Hence, the key for reliability in the wait-free model is the consensus object. This object can be informally defined as follows. Assuming each process proposes a value, the processes that do not crash have to decide the same value, and this value must be one of the proposed values. This apparently very simple object is impossible to implement in the basic wait-free model where processes communicate by accessing read/write registers only. This is the bad news [12, 15, 25]⁸.

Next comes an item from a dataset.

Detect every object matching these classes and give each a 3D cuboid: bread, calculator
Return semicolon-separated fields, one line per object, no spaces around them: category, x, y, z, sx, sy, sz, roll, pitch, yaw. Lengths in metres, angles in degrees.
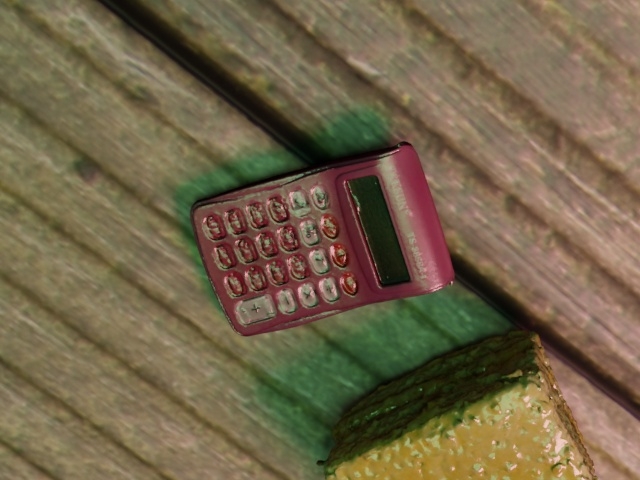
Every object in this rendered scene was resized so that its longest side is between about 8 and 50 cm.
bread;0.113;0.172;1.170;0.196;0.102;0.138;-27;105;14
calculator;0.000;0.000;1.145;0.190;0.034;0.127;-14;111;12

But multiprocessor machines are usually endowed with specialized operations to address synchronization issues. Examples of such operations (or objects) are \( Test \& Set()\), Swap(), \( Fetch \& add()\), \( Compare \& Swap()\), LL / SC, etc. Hence, the question: “Is the “bad news” still true in a multiprocessor enriched with such an operation?” Herlihy showed in [15] that it is possible to associate an integer with each of these synchronization operations, called consensus number, which characterizes its computability power in the wait-free model. More precisely, the consensus number of a synchronization operation is x if it allows to implement a consensus object in a system of x (or less) processes but not in a system of \((x+1)\) processes. It follows that consensus numbers provide us with a hierarchy measuring the computability power of hardware synchronization operations. The consensus number of read/write is 1. The consensus number of \( Test \& Set()\) or Swap() is 2; etc. until operations such as \( Compare \& Swap()\) or LL / SC, whose consensus number is \(+\infty \).

More developments on consensus objects, universal constructions, and Herlihy’s hierarchy can be found in [15, 31, 33, 36].